Collection entries:
-=-=-

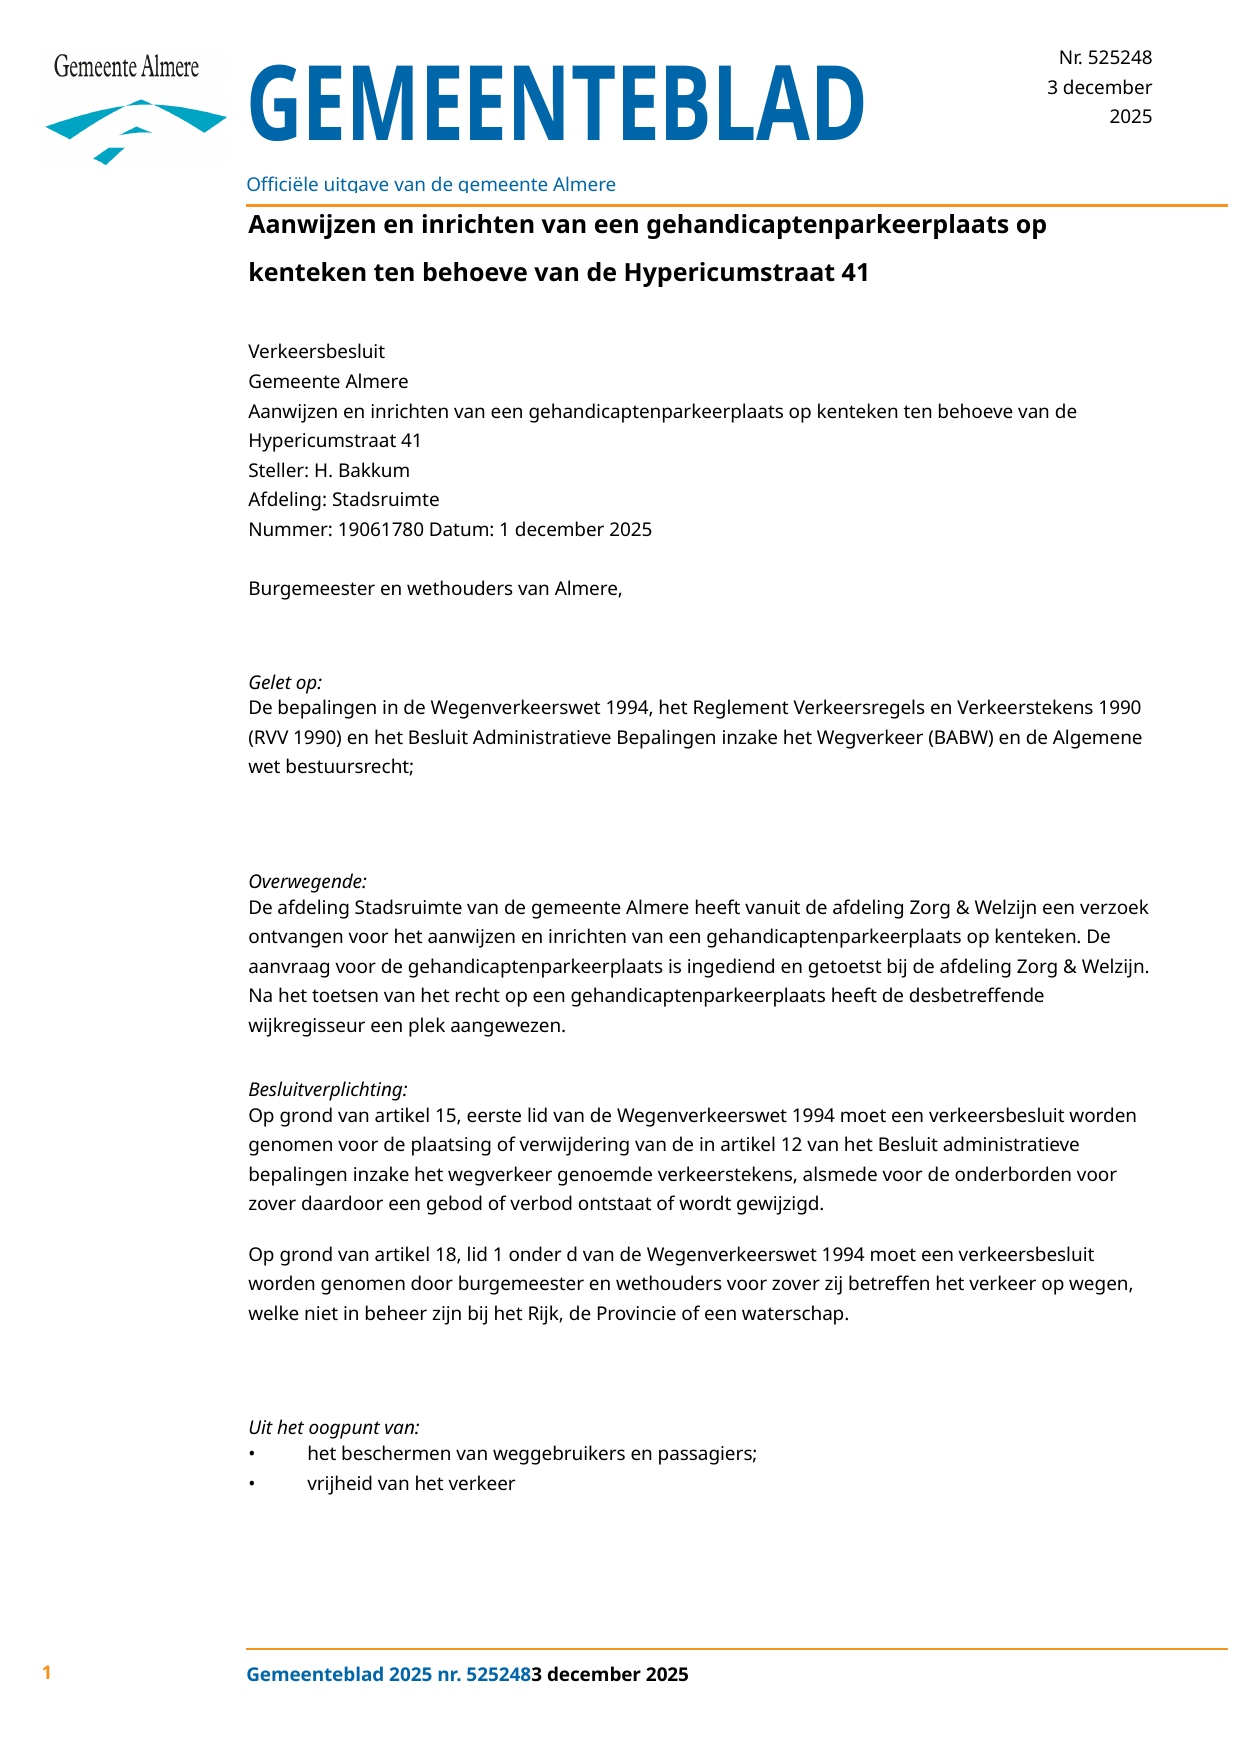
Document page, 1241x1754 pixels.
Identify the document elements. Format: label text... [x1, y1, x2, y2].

text Gemeente Almere [248, 368, 1152, 394]
text Besluitverplichting: [248, 1076, 1152, 1102]
text De bepalingen in de Wegenverkeerswet 1994, het Reglement Verkeersregels en Verkeerstekens 1990 (RVV 1990) en het Besluit Administratieve Bepalingen inzake het Wegverkeer (BABW) en de Algemene wet bestuursrecht; [248, 694, 1152, 779]
text Op grond van artikel 18, lid 1 onder d van de Wegenverkeerswet 1994 moet een verkeersbesluit worden genomen door burgemeester en wethouders voor zover zij betreffen het verkeer op wegen, welke niet in beheer zijn bij het Rijk, de Provincie of een waterschap. [248, 1241, 1152, 1326]
text De afdeling Stadsruimte van de gemeente Almere heeft vanuit de afdeling Zorg & Welzijn een verzoek ontvangen voor het aanwijzen en inrichten van een gehandicaptenparkeerplaats op kenteken. De aanvraag voor de gehandicaptenparkeerplaats is ingediend en getoetst bij de afdeling Zorg & Welzijn. Na het toetsen van het recht op een gehandicaptenparkeerplaats heeft de desbetreffende wijkregisseur een plek aangewezen. [248, 894, 1152, 1038]
text Aanwijzen en inrichten van een gehandicaptenparkeerplaats op kenteken ten behoeve van de Hypericumstraat 41 [248, 398, 1152, 453]
text Burgemeester en wethouders van Almere, [248, 575, 1152, 601]
list vrijheid van het verkeer [248, 1470, 1152, 1496]
text Overwegende: [248, 868, 1152, 894]
text Op grond van artikel 15, eerste lid van de Wegenverkeerswet 1994 moet een verkeersbesluit worden genomen voor de plaatsing of verwijdering van de in artikel 12 van het Besluit administratieve bepalingen inzake het wegverkeer genoemde verkeerstekens, alsmede voor de onderborden voor zover daardoor een gebod of verbod ontstaat of wordt gewijzigd. [248, 1102, 1152, 1216]
text Gelet op: [248, 669, 1152, 694]
text Nummer: 19061780 Datum: 1 december 2025 [248, 516, 1152, 542]
list het beschermen van weggebruikers en passagiers; [248, 1440, 1152, 1466]
text Afdeling: Stadsruimte [248, 487, 1152, 512]
text Aanwijzen en inrichten van een gehandicaptenparkeerplaats op kenteken ten behoeve van de Hypericumstraat 41 [248, 207, 1152, 288]
text Uit het oogpunt van: [248, 1414, 1152, 1440]
picture [41, 47, 231, 172]
text Verkeersbesluit [248, 339, 1152, 364]
text Steller: H. Bakkum [248, 457, 1152, 483]
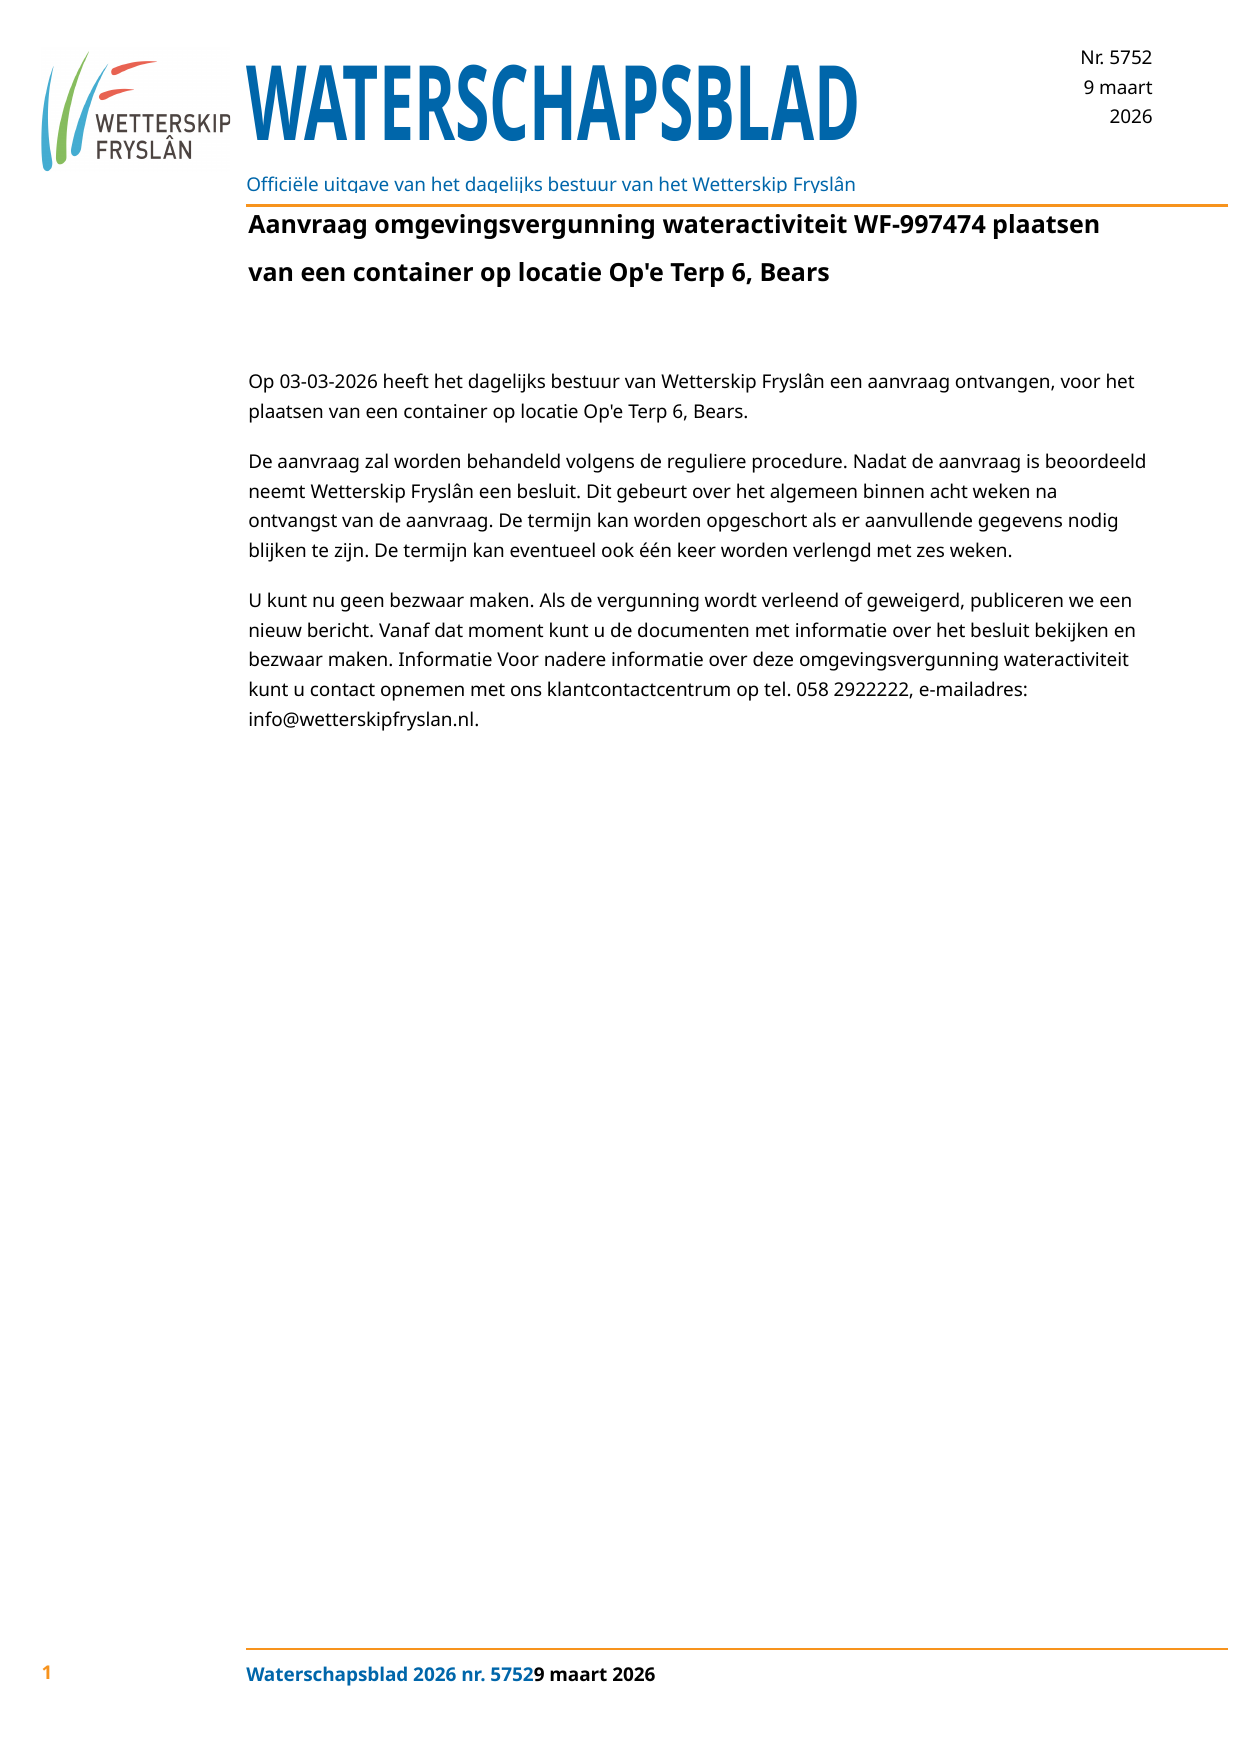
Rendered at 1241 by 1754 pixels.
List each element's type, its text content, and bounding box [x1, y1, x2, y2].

text De aanvraag zal worden behandeld volgens de reguliere procedure. Nadat de aanvraag is beoordeeld neemt Wetterskip Fryslân een besluit. Dit gebeurt over het algemeen binnen acht weken na ontvangst van de aanvraag. De termijn kan worden opgeschort als er aanvullende gegevens nodig blijken te zijn. De termijn kan eventueel ook één keer worden verlengd met zes weken. [248, 448, 1152, 563]
picture [41, 47, 231, 172]
text Op 03-03-2026 heeft het dagelijks bestuur van Wetterskip Fryslân een aanvraag ontvangen, voor het plaatsen van een container op locatie Op'e Terp 6, Bears. [248, 368, 1152, 424]
text Aanvraag omgevingsvergunning wateractiviteit WF-997474 plaatsen van een container op locatie Op'e Terp 6, Bears [248, 207, 1152, 288]
text U kunt nu geen bezwaar maken. Als de vergunning wordt verleend of geweigerd, publiceren we een nieuw bericht. Vanaf dat moment kunt u de documenten met informatie over het besluit bekijken en bezwaar maken. Informatie Voor nadere informatie over deze omgevingsvergunning wateractiviteit kunt u contact opnemen met ons klantcontactcentrum op tel. 058 2922222, e-mailadres: info@wetterskipfryslan.nl. [248, 587, 1152, 732]

-=-=-

- What to produce: Copy, from the lines above, each one that holds "Fryslân".

- Response box:
text De aanvraag zal worden behandeld volgens de reguliere procedure. Nadat de aanvraag is beoordeeld neemt Wetterskip Fryslân een besluit. Dit gebeurt over het algemeen binnen acht weken na ontvangst van de aanvraag. De termijn kan worden opgeschort als er aanvullende gegevens nodig blijken te zijn. De termijn kan eventueel ook één keer worden verlengd met zes weken. [248, 448, 1152, 563]
text Op 03-03-2026 heeft het dagelijks bestuur van Wetterskip Fryslân een aanvraag ontvangen, voor het plaatsen van een container op locatie Op'e Terp 6, Bears. [248, 368, 1152, 424]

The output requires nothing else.